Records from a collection
---------------

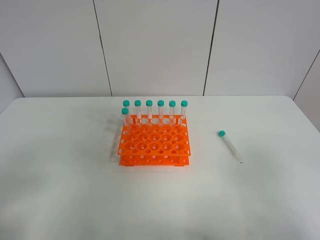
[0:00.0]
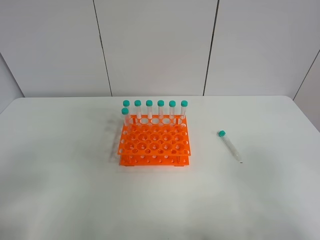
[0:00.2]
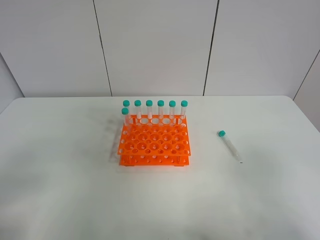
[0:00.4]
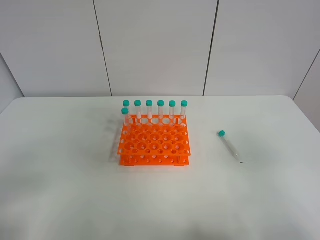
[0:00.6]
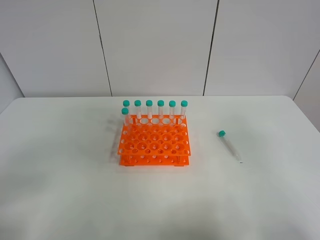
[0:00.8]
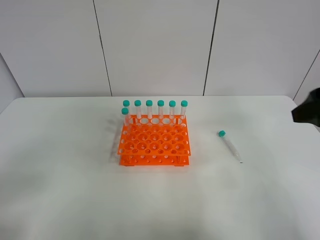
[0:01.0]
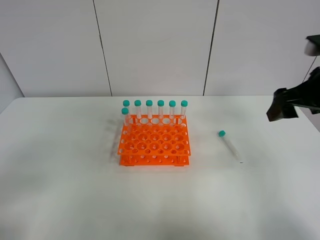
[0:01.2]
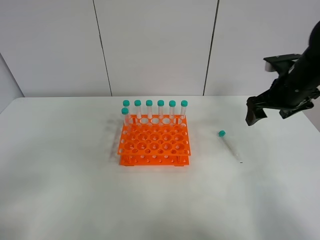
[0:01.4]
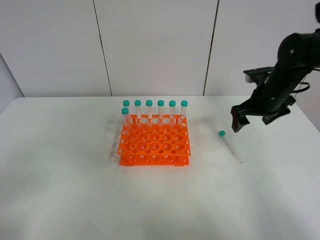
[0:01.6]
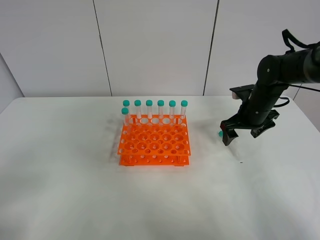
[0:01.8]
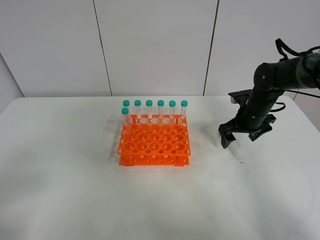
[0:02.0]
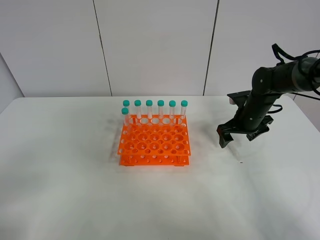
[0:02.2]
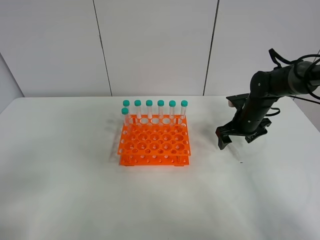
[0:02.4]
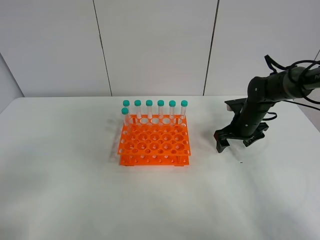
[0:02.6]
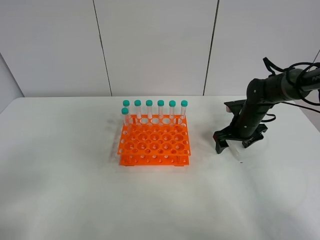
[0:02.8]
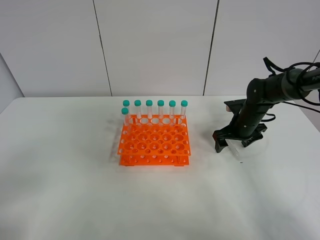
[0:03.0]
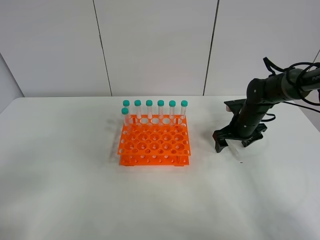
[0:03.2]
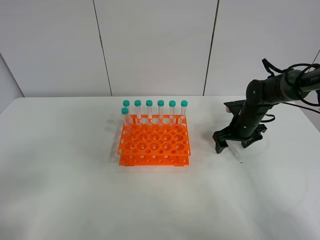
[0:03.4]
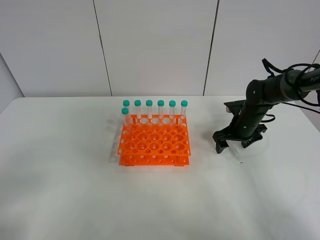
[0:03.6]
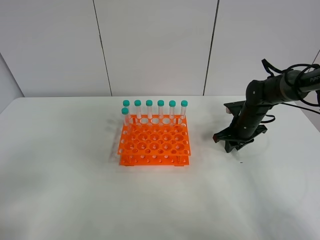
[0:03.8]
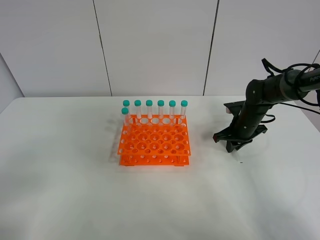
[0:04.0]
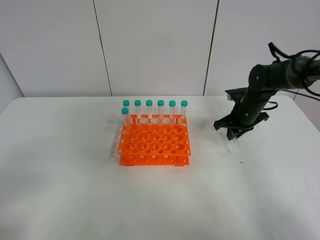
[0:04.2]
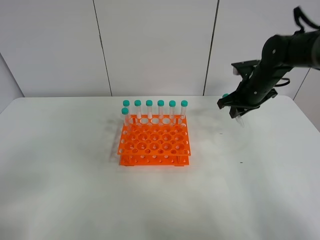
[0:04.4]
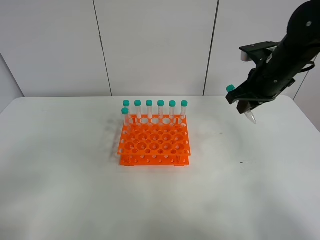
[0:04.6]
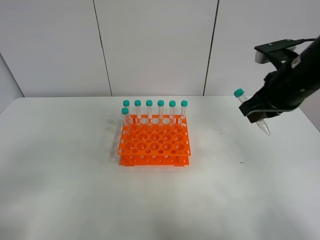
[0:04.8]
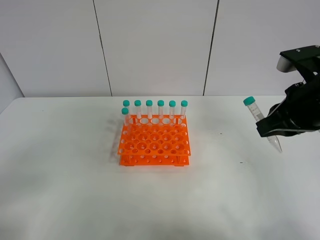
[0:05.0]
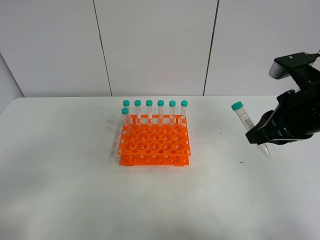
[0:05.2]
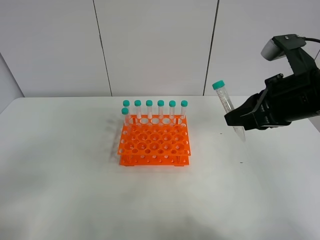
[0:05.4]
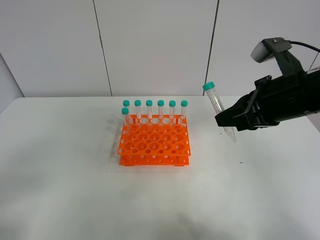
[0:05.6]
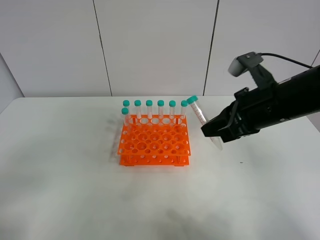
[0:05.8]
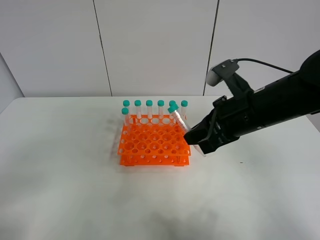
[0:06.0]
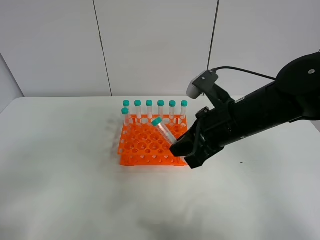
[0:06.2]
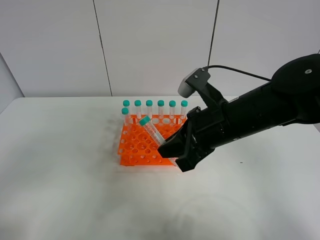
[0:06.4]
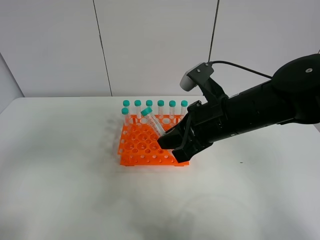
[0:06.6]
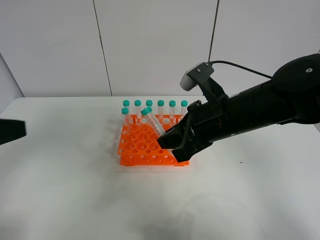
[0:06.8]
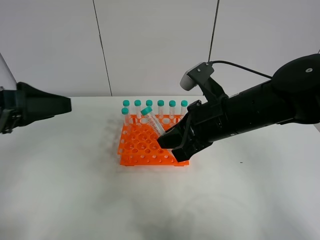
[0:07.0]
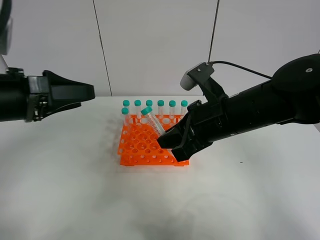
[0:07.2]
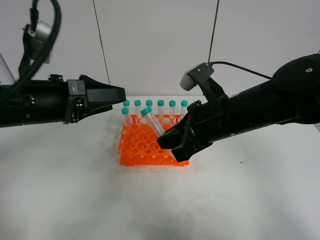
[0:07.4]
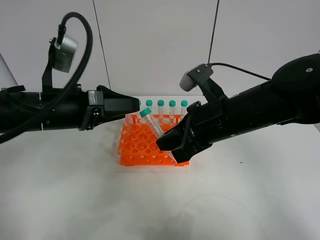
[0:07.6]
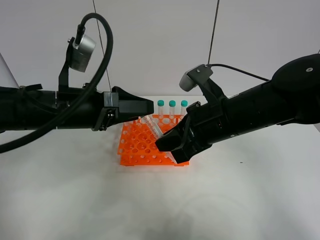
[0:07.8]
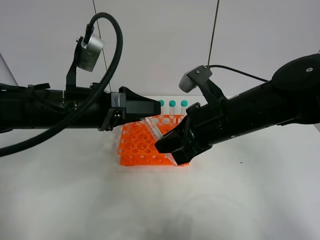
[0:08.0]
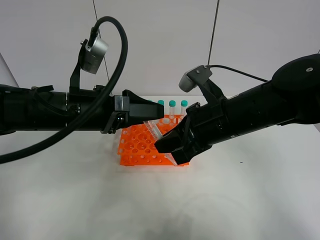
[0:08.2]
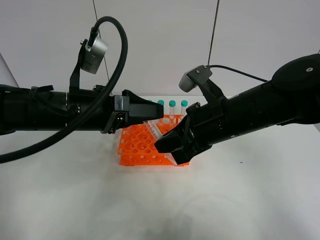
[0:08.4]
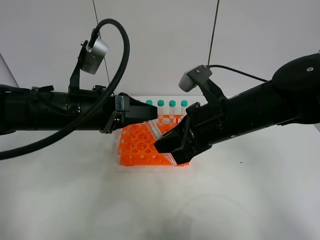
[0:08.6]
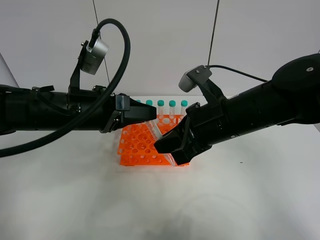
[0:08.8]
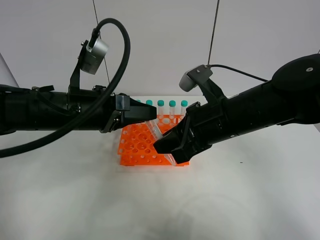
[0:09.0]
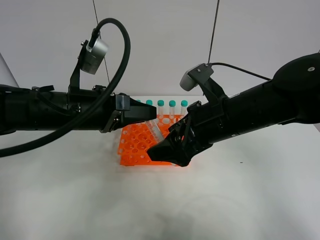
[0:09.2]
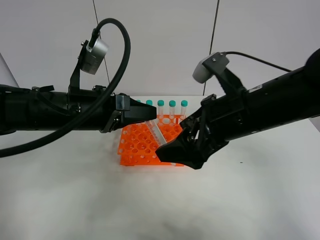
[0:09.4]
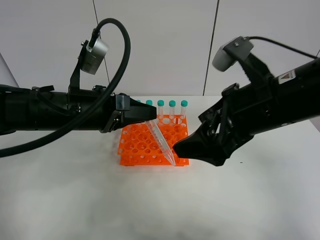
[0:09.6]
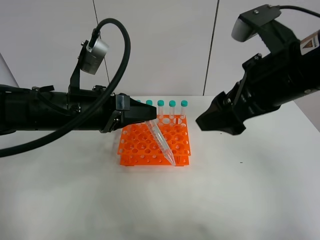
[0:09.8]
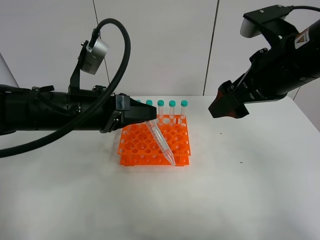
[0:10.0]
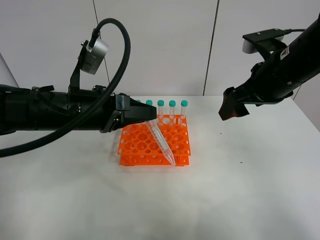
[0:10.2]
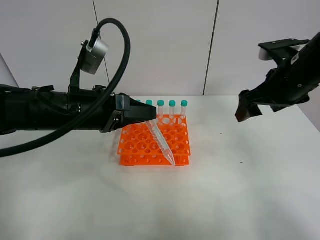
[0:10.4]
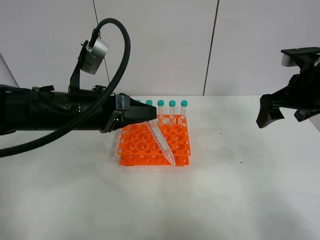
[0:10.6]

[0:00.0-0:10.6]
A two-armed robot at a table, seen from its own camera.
Task of the whole recording: Put the test tube on the table back onto the test tube rack.
Step, 0:00.0 to 0:03.8: Pick up the test tube with the right gripper.
Step, 0:04.0 to 0:09.2: Move the test tube from the right gripper to the left gripper.
0:00.0 to 0:01.6: The right gripper is displaced forward by roughly 35 cm.
0:01.6 to 0:03.0: The right gripper is displaced downward by some 10 cm.
0:03.0 to 0:04.6: The right gripper travels upward and backward by about 20 cm, and closes.
0:04.6 to 0:06.0: The right gripper heads backward and to the left, covering roughly 10 cm.
0:06.0 to 0:07.6: The left gripper travels forward and to the right by roughly 25 cm.
0:07.6 to 0:09.0: The left gripper closes up; the right gripper opens.
0:09.0 to 0:10.6: The right gripper travels to the right by about 15 cm, and opens up.

---------------

● **Brief**
The data must be repeated exactly. Any pictures in it are to be left out.

● **Worked solution**
[0:00.0]
[0:00.2]
[0:00.4]
[0:00.6]
[0:00.8]
[0:01.0]
[0:01.2]
[0:01.4]
[0:01.6]
[0:01.8]
[0:02.0]
[0:02.2]
[0:02.4]
[0:02.6]
[0:02.8]
[0:03.0]
[0:03.2]
[0:03.4]
[0:03.6]
[0:03.8]
[0:04.0]
[0:04.2]
[0:04.4]
[0:04.6]
[0:04.8]
[0:05.0]
[0:05.2]
[0:05.4]
[0:05.6]
[0:05.8]
[0:06.0]
[0:06.2]
[0:06.4]
[0:06.6]
[0:06.8]
[0:07.0]
[0:07.2]
[0:07.4]
[0:07.6]
[0:07.8]
[0:08.0]
[0:08.2]
[0:08.4]
[0:08.6]
[0:08.8]
[0:09.0]
[0:09.2]
[0:09.4]
[0:09.6]
[0:09.8]
[0:10.0]
[0:10.2]
[0:10.4]
[0:10.6]

[0:00.0-0:10.6]
A two-armed robot at a table, seen from its own camera.
Task of the whole recording: Put the test tube on the table back onto the test tube rack.
Step, 0:00.0 to 0:03.8: Pick up the test tube with the right gripper.
Step, 0:04.0 to 0:09.2: Move the test tube from the right gripper to the left gripper.
0:00.0 to 0:01.6: The right gripper is displaced forward by roughly 35 cm.
0:01.6 to 0:03.0: The right gripper is displaced downward by some 10 cm.
0:03.0 to 0:04.6: The right gripper travels upward and backward by about 20 cm, and closes.
0:04.6 to 0:06.0: The right gripper heads backward and to the left, covering roughly 10 cm.
0:06.0 to 0:07.6: The left gripper travels forward and to the right by roughly 25 cm.
0:07.6 to 0:09.0: The left gripper closes up; the right gripper opens.
0:09.0 to 0:10.6: The right gripper travels to the right by about 15 cm, and opens up.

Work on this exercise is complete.